Con los medios de entonces, Laguardia era casi inexpugnable; los que vivían en el pueblo experimentaban la impresión del peligro y al mismo tiempo de la seguridad.
Una broma
Una vez, algunos burlones, probablemente carlistas, soltaron de noche dos perros con una lata vacía de petróleo atada a la cola: al estrépito, los cornetas tocaron alarma, y se alborotó la ciudad y la guarnición.
Se sospechó del criado de una taberna y de algunos amigos suyos, y como el coronel del regimiento había mandado a un capitán hacer indagaciones para averiguar a los autores de la broma, tres o cuatro mozos, sobre los cuales recaían sospechas, tuvieron a bien largarse.
En general, por la noche solamente quedaba habilitada para entrar y salir en la ciudad la puerta de San Juan. Como no había caseríos lejos ni gran seguridad en las afueras, pasada la hora de la queda nadie salía de Laguardia, y únicamente, en casos raros, era indispensable abrir la puerta a los paisanos.
Los alrededores
Los campos de los alrededores estaban en aquella época en el mayor abandono, y pocas veces se veía trabajar en los viñedos y en las heredades.
En los pueblos que se divisaban desde lo alto del cerro de Laguardia se advertían con frecuencia llamas y enormes humaredas de los pajares incendiados, y se oía a veces el rumor de las descargas.

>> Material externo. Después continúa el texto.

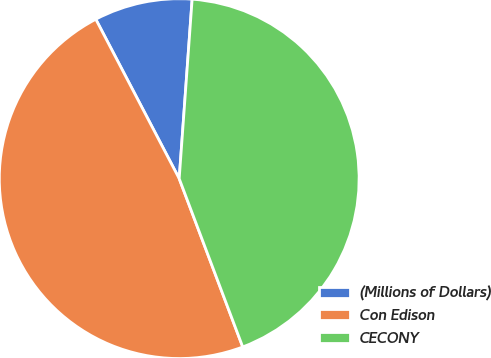Convert chart. <chart><loc_0><loc_0><loc_500><loc_500><pie_chart><fcel>(Millions of Dollars)<fcel>Con Edison<fcel>CECONY<nl><fcel>8.82%<fcel>48.07%<fcel>43.11%<nl></chart> 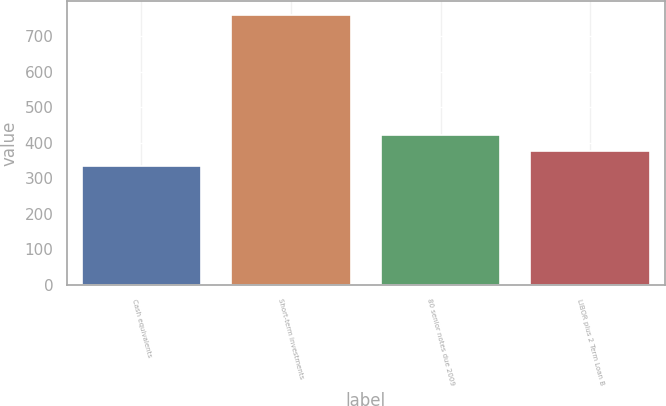Convert chart. <chart><loc_0><loc_0><loc_500><loc_500><bar_chart><fcel>Cash equivalents<fcel>Short-term investments<fcel>80 senior notes due 2009<fcel>LIBOR plus 2 Term Loan B<nl><fcel>336<fcel>761<fcel>421<fcel>378.5<nl></chart> 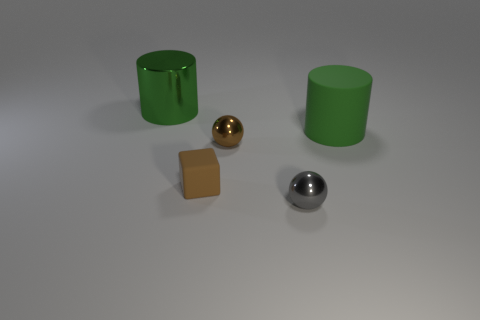Add 3 brown metal objects. How many objects exist? 8 Subtract 2 spheres. How many spheres are left? 0 Subtract all cylinders. How many objects are left? 3 Subtract all green spheres. How many brown cylinders are left? 0 Subtract all brown matte things. Subtract all gray shiny spheres. How many objects are left? 3 Add 4 shiny objects. How many shiny objects are left? 7 Add 1 green metallic things. How many green metallic things exist? 2 Subtract 0 cyan cylinders. How many objects are left? 5 Subtract all brown balls. Subtract all blue cylinders. How many balls are left? 1 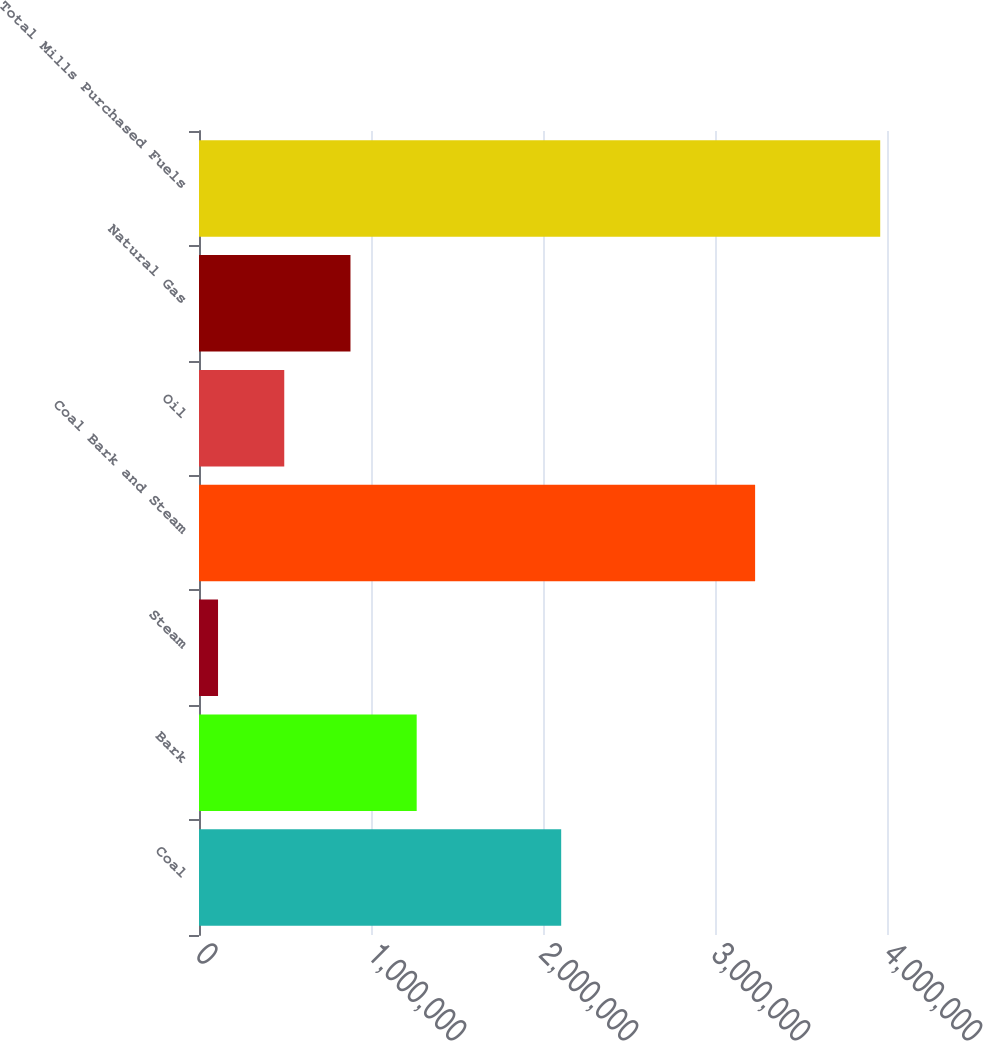Convert chart to OTSL. <chart><loc_0><loc_0><loc_500><loc_500><bar_chart><fcel>Coal<fcel>Bark<fcel>Steam<fcel>Coal Bark and Steam<fcel>Oil<fcel>Natural Gas<fcel>Total Mills Purchased Fuels<nl><fcel>2.10575e+06<fcel>1.26564e+06<fcel>110684<fcel>3.23321e+06<fcel>495669<fcel>880654<fcel>3.96053e+06<nl></chart>

Los aldeanos de Paganos y del Villar, y de Viñaspre y de Elciego, ya no pasaban con sus caballerías por los caminos llevando sacos de trigo, ni las mujeres de Cripan se acercaban al pueblo con sus machos cargados de leña; sólo los convoyes militares, formados por grandes galeras en fila, custodiadas por la tropa, se acercaban a Laguardia.
Durante el invierno, con las nevadas, la campiña quedaba aún más triste que de ordinario; la sierra parecía como un paredón gris, veteado de blanco, y sobre la alba y solitaria extensión de las heredades y de los viñedos brillaba el resplandor de los incendios y resonaba el estampido del cañón.
Hacia el sur de Laguardia, dos lagunas grandes, redondas, alimentadas con las nieves y con las aguas del invierno, parecían dos ojos claros que reflejasen el cielo.